Dès son arrivée, le chef de l’État RD congolais a été porté par une vague d’acclamations. Du parvis à la tribune officielle, le public massivement acquis a salué un dirigeant perçu comme proche, presque familier. Dans ce stade de 60 000 places, rempli à craquer, l’instant a pris des allures de communion populaire. Une ferveur qui, au-delà de l’effet de foule, dit quelque chose de plus profond : la densité des liens humains, historiques et politiques entre les deux rives du fleuve Congo.
Car cette ovation ne relève pas du hasard. Elle s’inscrit dans la continuité d’une relation entretenue au sommet entre Félix Tshisekedi et Denis Sassou Nguesso, faite de proximité et de convergences. Une complicité que symbolisent aussi les rapports cordiaux entre leurs familles, notamment avec la Première dame de la RDC, Denise Nyakeru Tshisekedi bien que celle-ci n’ait pas effectué le déplacement.
À quelques minutes d’intervalle, le contraste fut saisissant. L’entrée du président rwandais Paul Kagame a suscité une réaction nettement plus froide, voire hostile. Des huées ont traversé les gradins, mêlées à de timides applaudissements, révélant une perception publique marquée par les tensions persistantes dans la région des Grands Lacs.
Ce double signal envoyé par la foule dépasse la simple anecdote.

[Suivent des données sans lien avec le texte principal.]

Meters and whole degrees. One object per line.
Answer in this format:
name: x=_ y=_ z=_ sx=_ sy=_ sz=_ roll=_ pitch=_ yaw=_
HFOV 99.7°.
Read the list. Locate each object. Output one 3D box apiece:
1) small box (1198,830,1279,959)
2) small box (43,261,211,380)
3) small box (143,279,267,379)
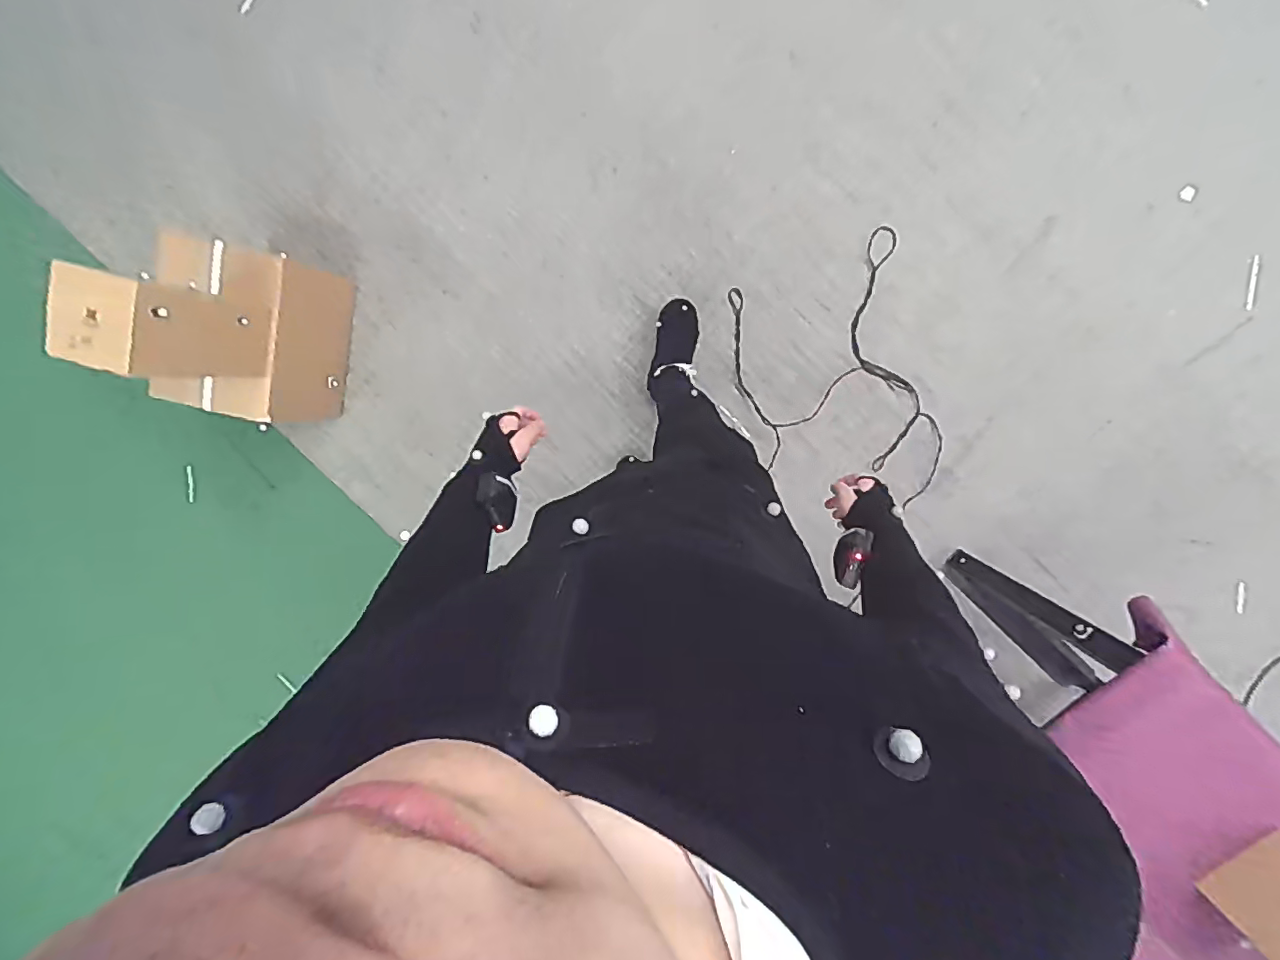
small box: x=1.072 y=0.707 z=0.853 sx=0.168 sy=0.176 sz=0.179 roll=44 pitch=100 yaw=-4
small box: x=-0.987 y=-0.301 z=1.054 sx=0.168 sy=0.176 sz=0.179 roll=15 pitch=101 yaw=1
small box: x=-0.978 y=-0.330 z=1.216 sx=0.168 sy=0.176 sz=0.179 roll=13 pitch=101 yaw=1

Il agit comme un baromètre des opinions populaires dans un espace régional où les enjeux sécuritaires, notamment dans l’Est de la RDC, continuent d’influencer les perceptions des dirigeants étrangers.
Réélu avec plus de 94 % des suffrages, Denis Sassou Nguesso entame un nouveau mandat sous le regard d’une région en recomposition. Et dans les tribunes de Kintélé, entre ovations et désapprobations, c’est toute la cartographie des affinités et des crispations régionales qui s’est brièvement dessinée.
Au final, plus qu’une investiture, Brazzaville aura offert une scène politique à ciel ouvert où le peuple, en quelques clameurs, a livré sa propre lecture des rapports de force en Afrique centrale.